• Aim of the task
Write out every line below with no difference at all.

• Saved data entries
-- Opening Marker --

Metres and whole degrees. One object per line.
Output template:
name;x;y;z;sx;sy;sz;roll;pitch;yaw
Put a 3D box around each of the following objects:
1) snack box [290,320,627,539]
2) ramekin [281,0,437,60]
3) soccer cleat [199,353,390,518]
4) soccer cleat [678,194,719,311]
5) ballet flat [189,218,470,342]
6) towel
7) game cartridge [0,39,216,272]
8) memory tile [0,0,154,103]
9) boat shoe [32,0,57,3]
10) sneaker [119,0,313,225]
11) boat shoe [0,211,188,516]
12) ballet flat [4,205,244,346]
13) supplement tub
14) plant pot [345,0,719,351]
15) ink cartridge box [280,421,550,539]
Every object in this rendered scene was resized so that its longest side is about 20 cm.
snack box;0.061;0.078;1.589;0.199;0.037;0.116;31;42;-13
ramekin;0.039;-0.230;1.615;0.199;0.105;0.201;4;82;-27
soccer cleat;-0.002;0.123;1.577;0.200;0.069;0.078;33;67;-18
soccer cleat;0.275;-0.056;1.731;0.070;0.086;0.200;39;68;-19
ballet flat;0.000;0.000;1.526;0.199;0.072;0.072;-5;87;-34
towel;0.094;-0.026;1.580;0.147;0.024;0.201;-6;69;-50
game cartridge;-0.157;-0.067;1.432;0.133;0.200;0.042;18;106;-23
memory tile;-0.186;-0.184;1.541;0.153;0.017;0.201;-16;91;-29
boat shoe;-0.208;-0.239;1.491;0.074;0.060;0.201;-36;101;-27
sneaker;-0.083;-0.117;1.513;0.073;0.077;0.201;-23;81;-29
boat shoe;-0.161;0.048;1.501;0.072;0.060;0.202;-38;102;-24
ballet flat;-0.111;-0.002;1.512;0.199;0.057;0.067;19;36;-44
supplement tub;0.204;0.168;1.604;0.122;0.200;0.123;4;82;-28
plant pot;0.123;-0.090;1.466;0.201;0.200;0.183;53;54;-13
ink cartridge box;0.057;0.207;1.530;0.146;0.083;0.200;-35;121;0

-- Closing Marker --

• Result
Metres and whole degrees. One object per line.
Output template:
name;x;y;z;sx;sy;sz;roll;pitch;yaw
Put a 3D box around each of the following objects:
1) snack box [290,320,627,539]
2) ramekin [281,0,437,60]
3) soccer cleat [199,353,390,518]
4) soccer cleat [678,194,719,311]
5) ballet flat [189,218,470,342]
6) towel
7) game cartridge [0,39,216,272]
8) memory tile [0,0,154,103]
9) boat shoe [32,0,57,3]
10) sneaker [119,0,313,225]
11) boat shoe [0,211,188,516]
12) ballet flat [4,205,244,346]
13) supplement tub
14) plant pot [345,0,719,351]
15) ink cartridge box [280,421,550,539]
Every object in this rendered scene was resized so that its longest side is about 20 cm.
snack box;0.061;0.078;1.589;0.199;0.037;0.116;31;42;-13
ramekin;0.039;-0.230;1.615;0.199;0.105;0.201;4;82;-27
soccer cleat;-0.002;0.123;1.577;0.200;0.069;0.078;33;67;-18
soccer cleat;0.275;-0.056;1.731;0.070;0.086;0.200;39;68;-19
ballet flat;0.000;0.000;1.526;0.199;0.072;0.072;-5;87;-34
towel;0.094;-0.026;1.580;0.147;0.024;0.201;-6;69;-50
game cartridge;-0.157;-0.067;1.432;0.133;0.200;0.042;18;106;-23
memory tile;-0.186;-0.184;1.541;0.153;0.017;0.201;-16;91;-29
boat shoe;-0.208;-0.239;1.491;0.074;0.060;0.201;-36;101;-27
sneaker;-0.083;-0.117;1.513;0.073;0.077;0.201;-23;81;-29
boat shoe;-0.161;0.048;1.501;0.072;0.060;0.202;-38;102;-24
ballet flat;-0.111;-0.002;1.512;0.199;0.057;0.067;19;36;-44
supplement tub;0.204;0.168;1.604;0.122;0.200;0.123;4;82;-28
plant pot;0.123;-0.090;1.466;0.201;0.200;0.183;53;54;-13
ink cartridge box;0.057;0.207;1.530;0.146;0.083;0.200;-35;121;0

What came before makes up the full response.